Task details>
Set down the data again in full, keeping every line exactly as it is.

Information>
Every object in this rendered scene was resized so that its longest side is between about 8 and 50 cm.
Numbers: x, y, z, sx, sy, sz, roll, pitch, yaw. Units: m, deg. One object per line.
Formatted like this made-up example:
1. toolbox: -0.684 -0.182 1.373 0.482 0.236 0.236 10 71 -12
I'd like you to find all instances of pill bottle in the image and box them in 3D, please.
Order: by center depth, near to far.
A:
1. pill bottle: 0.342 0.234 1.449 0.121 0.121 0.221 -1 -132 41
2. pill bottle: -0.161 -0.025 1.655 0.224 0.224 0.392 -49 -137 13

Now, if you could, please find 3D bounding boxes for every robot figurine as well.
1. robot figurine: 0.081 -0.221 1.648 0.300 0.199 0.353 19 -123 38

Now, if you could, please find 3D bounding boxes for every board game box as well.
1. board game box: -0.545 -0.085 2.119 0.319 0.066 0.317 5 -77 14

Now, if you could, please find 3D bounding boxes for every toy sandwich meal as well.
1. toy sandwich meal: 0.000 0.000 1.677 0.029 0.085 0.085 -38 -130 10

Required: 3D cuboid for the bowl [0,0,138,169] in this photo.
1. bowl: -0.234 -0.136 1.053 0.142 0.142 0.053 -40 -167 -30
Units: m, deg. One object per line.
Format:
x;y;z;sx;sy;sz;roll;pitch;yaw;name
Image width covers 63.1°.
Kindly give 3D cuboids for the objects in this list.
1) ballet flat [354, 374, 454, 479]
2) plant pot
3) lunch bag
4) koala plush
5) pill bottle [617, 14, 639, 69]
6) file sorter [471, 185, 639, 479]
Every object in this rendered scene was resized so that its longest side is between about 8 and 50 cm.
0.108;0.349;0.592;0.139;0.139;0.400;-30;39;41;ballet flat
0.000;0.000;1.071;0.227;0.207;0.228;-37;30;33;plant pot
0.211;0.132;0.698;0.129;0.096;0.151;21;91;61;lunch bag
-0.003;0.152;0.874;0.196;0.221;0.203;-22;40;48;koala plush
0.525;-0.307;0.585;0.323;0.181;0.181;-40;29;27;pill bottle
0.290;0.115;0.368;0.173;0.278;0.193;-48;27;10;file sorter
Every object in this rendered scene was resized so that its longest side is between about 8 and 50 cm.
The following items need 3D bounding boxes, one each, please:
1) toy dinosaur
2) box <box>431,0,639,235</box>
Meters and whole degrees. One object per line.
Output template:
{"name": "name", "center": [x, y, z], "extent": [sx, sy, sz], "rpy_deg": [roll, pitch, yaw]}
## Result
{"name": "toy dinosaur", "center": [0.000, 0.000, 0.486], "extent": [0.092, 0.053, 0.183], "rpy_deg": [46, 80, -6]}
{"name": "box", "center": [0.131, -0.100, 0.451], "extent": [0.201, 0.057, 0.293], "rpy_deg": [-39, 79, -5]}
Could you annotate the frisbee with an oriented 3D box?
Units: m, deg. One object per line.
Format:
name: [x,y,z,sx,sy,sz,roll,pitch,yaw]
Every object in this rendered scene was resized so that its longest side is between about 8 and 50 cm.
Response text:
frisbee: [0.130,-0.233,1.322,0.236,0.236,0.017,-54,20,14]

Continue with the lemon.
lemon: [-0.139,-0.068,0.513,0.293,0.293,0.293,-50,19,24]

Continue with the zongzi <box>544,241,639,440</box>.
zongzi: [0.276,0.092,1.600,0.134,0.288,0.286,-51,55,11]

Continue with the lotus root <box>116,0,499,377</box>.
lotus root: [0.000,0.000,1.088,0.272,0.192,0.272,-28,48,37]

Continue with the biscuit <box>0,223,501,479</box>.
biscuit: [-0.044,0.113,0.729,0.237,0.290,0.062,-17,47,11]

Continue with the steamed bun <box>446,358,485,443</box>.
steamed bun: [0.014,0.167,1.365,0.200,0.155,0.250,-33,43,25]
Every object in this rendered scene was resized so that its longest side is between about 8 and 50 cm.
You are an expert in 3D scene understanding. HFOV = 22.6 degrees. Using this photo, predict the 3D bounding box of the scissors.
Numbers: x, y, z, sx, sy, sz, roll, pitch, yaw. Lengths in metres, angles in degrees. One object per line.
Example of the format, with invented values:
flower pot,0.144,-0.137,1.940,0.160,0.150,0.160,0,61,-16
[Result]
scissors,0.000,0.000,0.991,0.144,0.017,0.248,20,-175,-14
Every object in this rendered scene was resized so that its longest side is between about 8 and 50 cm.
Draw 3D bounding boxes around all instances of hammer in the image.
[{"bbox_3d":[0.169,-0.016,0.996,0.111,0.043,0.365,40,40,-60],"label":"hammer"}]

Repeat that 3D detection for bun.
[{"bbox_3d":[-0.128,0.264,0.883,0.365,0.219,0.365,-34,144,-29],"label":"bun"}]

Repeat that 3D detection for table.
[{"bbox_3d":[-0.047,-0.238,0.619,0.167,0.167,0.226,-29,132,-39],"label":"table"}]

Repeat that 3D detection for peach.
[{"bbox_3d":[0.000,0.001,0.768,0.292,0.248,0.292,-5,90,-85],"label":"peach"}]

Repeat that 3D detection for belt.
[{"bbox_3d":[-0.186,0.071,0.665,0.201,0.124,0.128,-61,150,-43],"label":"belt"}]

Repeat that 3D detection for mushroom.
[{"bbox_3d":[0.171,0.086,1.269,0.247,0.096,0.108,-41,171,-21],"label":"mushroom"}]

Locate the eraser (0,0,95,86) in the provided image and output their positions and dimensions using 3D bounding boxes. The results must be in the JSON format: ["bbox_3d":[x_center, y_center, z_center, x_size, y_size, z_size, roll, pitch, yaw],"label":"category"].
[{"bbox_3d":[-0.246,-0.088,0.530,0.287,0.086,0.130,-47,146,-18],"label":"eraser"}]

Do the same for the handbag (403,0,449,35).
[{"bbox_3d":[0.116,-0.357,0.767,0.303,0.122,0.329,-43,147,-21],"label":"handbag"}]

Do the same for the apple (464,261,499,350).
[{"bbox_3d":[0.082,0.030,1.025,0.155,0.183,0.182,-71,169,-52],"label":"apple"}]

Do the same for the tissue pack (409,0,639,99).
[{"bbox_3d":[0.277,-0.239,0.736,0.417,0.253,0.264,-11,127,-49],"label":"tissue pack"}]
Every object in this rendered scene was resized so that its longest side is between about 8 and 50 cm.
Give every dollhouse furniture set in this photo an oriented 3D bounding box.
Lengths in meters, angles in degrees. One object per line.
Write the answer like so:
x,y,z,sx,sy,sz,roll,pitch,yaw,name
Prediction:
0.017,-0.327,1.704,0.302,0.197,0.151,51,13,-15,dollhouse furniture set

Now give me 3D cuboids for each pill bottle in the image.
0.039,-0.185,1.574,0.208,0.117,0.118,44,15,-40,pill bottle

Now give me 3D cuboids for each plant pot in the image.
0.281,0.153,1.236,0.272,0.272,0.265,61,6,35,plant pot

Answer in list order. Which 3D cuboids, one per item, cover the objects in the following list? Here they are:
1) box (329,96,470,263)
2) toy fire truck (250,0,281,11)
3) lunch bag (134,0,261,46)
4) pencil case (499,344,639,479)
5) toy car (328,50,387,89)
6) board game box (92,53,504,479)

Result for this task>
Every object in this rendered scene was resized so that its longest side is between about 8 and 50 cm.
Numbers: x, y, z, sx, sy, sz, roll, pitch, yaw. Units: m, deg. One object per line.
Formatted like this made-up example:
1. toolbox: -0.684 -0.182 1.373 0.482 0.236 0.236 10 71 -12
I'd like you to find all instances of pill bottle in the image and box them in 3D, please.
Order: by center depth, near to far.
A:
1. pill bottle: 0.342 0.234 1.449 0.121 0.121 0.221 -1 -132 41
2. pill bottle: -0.161 -0.025 1.655 0.224 0.224 0.392 -49 -137 13

Now, if you could, please find 3D bounding boxes for every robot figurine as well.
1. robot figurine: 0.081 -0.221 1.648 0.300 0.199 0.353 19 -123 38

Now, if you could, please find 3D bounding boxes for every board game box as well.
1. board game box: -0.545 -0.085 2.119 0.319 0.066 0.317 5 -77 14

Now, if you could, please find 3D bounding boxes for every toy sandwich meal as well.
1. toy sandwich meal: 0.000 0.000 1.677 0.029 0.085 0.085 -38 -130 10

Required: 3D cuboid for the bowl [0,0,138,169] in this photo.
1. bowl: -0.234 -0.136 1.053 0.142 0.142 0.053 -40 -167 -30
Units: m, deg. One object per line.
Format:
x;y;z;sx;sy;sz;roll;pitch;yaw;name
Image width covers 63.1°.
Kindly give 3D cuboids for the objects in this list.
1) ballet flat [354, 374, 454, 479]
2) plant pot
3) lunch bag
4) koala plush
5) pill bottle [617, 14, 639, 69]
6) file sorter [471, 185, 639, 479]
Every object in this rendered scene was resized so that its longest side is between about 8 and 50 cm.
0.108;0.349;0.592;0.139;0.139;0.400;-30;39;41;ballet flat
0.000;0.000;1.071;0.227;0.207;0.228;-37;30;33;plant pot
0.211;0.132;0.698;0.129;0.096;0.151;21;91;61;lunch bag
-0.003;0.152;0.874;0.196;0.221;0.203;-22;40;48;koala plush
0.525;-0.307;0.585;0.323;0.181;0.181;-40;29;27;pill bottle
0.290;0.115;0.368;0.173;0.278;0.193;-48;27;10;file sorter
Every object in this rendered scene was resized so that its longest side is between about 8 and 50 cm.
The following items need 3D bounding boxes, one each, please:
1) toy dinosaur
2) box <box>431,0,639,235</box>
Meters and whole degrees. One object per line.
Output template:
{"name": "name", "center": [x, y, z], "extent": [sx, sy, sz], "rpy_deg": [roll, pitch, yaw]}
## Result
{"name": "toy dinosaur", "center": [0.000, 0.000, 0.486], "extent": [0.092, 0.053, 0.183], "rpy_deg": [46, 80, -6]}
{"name": "box", "center": [0.131, -0.100, 0.451], "extent": [0.201, 0.057, 0.293], "rpy_deg": [-39, 79, -5]}
Could you annotate the frisbee with an oriented 3D box?
Units: m, deg. One object per line.
Format:
name: [x,y,z,sx,sy,sz,roll,pitch,yaw]
Every object in this rendered scene was resized so that its longest side is between about 8 and 50 cm.
Response text:
frisbee: [0.130,-0.233,1.322,0.236,0.236,0.017,-54,20,14]

Continue with the lemon.
lemon: [-0.139,-0.068,0.513,0.293,0.293,0.293,-50,19,24]

Continue with the zongzi <box>544,241,639,440</box>.
zongzi: [0.276,0.092,1.600,0.134,0.288,0.286,-51,55,11]

Continue with the lotus root <box>116,0,499,377</box>.
lotus root: [0.000,0.000,1.088,0.272,0.192,0.272,-28,48,37]

Continue with the biscuit <box>0,223,501,479</box>.
biscuit: [-0.044,0.113,0.729,0.237,0.290,0.062,-17,47,11]

Continue with the steamed bun <box>446,358,485,443</box>.
steamed bun: [0.014,0.167,1.365,0.200,0.155,0.250,-33,43,25]
Every object in this rendered scene was resized so that its longest side is between about 8 and 50 cm.
You are an expert in 3D scene understanding. HFOV = 22.6 degrees. Using this photo, predict the 3D bounding box of the scissors.
Numbers: x, y, z, sx, sy, sz, roll, pitch, yaw. Lengths in metres, angles in degrees. One object per line.
Example of the format, with invented values:
flower pot,0.144,-0.137,1.940,0.160,0.150,0.160,0,61,-16
[Result]
scissors,0.000,0.000,0.991,0.144,0.017,0.248,20,-175,-14
Every object in this rendered scene was resized so that its longest side is between about 8 and 50 cm.
Draw 3D bounding boxes around all instances of hammer in the image.
[{"bbox_3d":[0.169,-0.016,0.996,0.111,0.043,0.365,40,40,-60],"label":"hammer"}]

Repeat that 3D detection for bun.
[{"bbox_3d":[-0.128,0.264,0.883,0.365,0.219,0.365,-34,144,-29],"label":"bun"}]

Repeat that 3D detection for table.
[{"bbox_3d":[-0.047,-0.238,0.619,0.167,0.167,0.226,-29,132,-39],"label":"table"}]

Repeat that 3D detection for peach.
[{"bbox_3d":[0.000,0.001,0.768,0.292,0.248,0.292,-5,90,-85],"label":"peach"}]

Repeat that 3D detection for belt.
[{"bbox_3d":[-0.186,0.071,0.665,0.201,0.124,0.128,-61,150,-43],"label":"belt"}]

Repeat that 3D detection for mushroom.
[{"bbox_3d":[0.171,0.086,1.269,0.247,0.096,0.108,-41,171,-21],"label":"mushroom"}]

Locate the eraser (0,0,95,86) in the provided image and output their positions and dimensions using 3D bounding boxes. The results must be in the JSON format: ["bbox_3d":[x_center, y_center, z_center, x_size, y_size, z_size, roll, pitch, yaw],"label":"category"].
[{"bbox_3d":[-0.246,-0.088,0.530,0.287,0.086,0.130,-47,146,-18],"label":"eraser"}]

Do the same for the handbag (403,0,449,35).
[{"bbox_3d":[0.116,-0.357,0.767,0.303,0.122,0.329,-43,147,-21],"label":"handbag"}]

Do the same for the apple (464,261,499,350).
[{"bbox_3d":[0.082,0.030,1.025,0.155,0.183,0.182,-71,169,-52],"label":"apple"}]

Do the same for the tissue pack (409,0,639,99).
[{"bbox_3d":[0.277,-0.239,0.736,0.417,0.253,0.264,-11,127,-49],"label":"tissue pack"}]
Every object in this rendered scene was resized so that its longest side is between about 8 and 50 cm.
Give every dollhouse furniture set in this photo an oriented 3D bounding box.
Lengths in meters, angles in degrees. One object per line.
Write the answer like so:
x,y,z,sx,sy,sz,roll,pitch,yaw,name
Prediction:
0.017,-0.327,1.704,0.302,0.197,0.151,51,13,-15,dollhouse furniture set

Now give me 3D cuboids for each pill bottle in the image.
0.039,-0.185,1.574,0.208,0.117,0.118,44,15,-40,pill bottle

Now give me 3D cuboids for each plant pot in the image.
0.281,0.153,1.236,0.272,0.272,0.265,61,6,35,plant pot

Answer in list order. Which 3D cuboids, one per item, cover the objects in the following list? Here they are:
1) box (329,96,470,263)
2) toy fire truck (250,0,281,11)
3) lunch bag (134,0,261,46)
4) pencil case (499,344,639,479)
5) toy car (328,50,387,89)
6) board game box (92,53,504,479)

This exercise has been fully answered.